Erin Brockovich gegen Bayer

Der anhaltende Protest lässt Bayer-Chef Marijn Dekkers nicht kalt. "Sorge bereitet mir die wachsende Anzahl kritischer Stakeholder, deren Ansichten und Forderungen eher auf Emotionen und Glaubenssätzen gründen als auf wissenschaftlichen Erkenntnissen", schrieb er an die Aktionäre in diesem Frühjahr. Dabei geht es nicht nur um die Pille. Ein weiteres Bayer-Produkt, die Sterilisierungsspirale Essure, sorgt in den USA für Aufsehen. Erin Brockovich, deren erfolgreicher Kampf gegen den Energieriesen Pacific Gas and Electric Company mit Julia Roberts verfilmt wurde, unterstützt die Essure-Opfer. Sie sammelt Unterschriften, hat eine Homepage eingerichtet, tritt in Talkshows auf.

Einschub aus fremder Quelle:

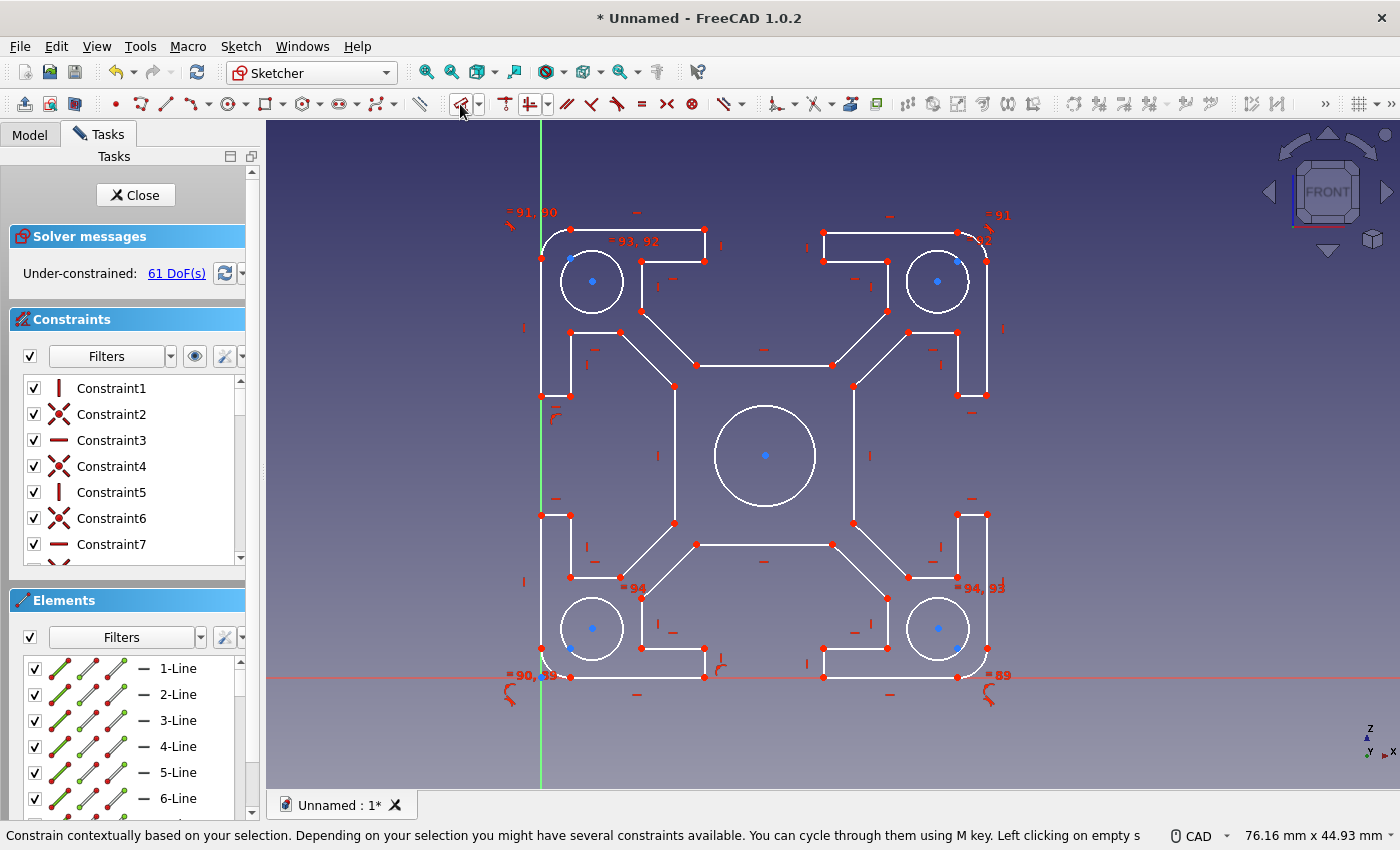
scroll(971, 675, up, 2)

Dekkers und Aufsichtsratsvorsitzender Werner Wenning müssen sich also weiter auf protestierende Frauen aus Europa und Übersee einstellen. 2014 kam es zu einem Eklat, als einer Rednerin das Mikrofon abgedreht wurde, weil sie Englisch redete. Die Sprache der Hauptversammlung aber ist Deutsch, auch wenn Bayer selbst weltweit mit dem Slogan "Science for a better life" wirbt.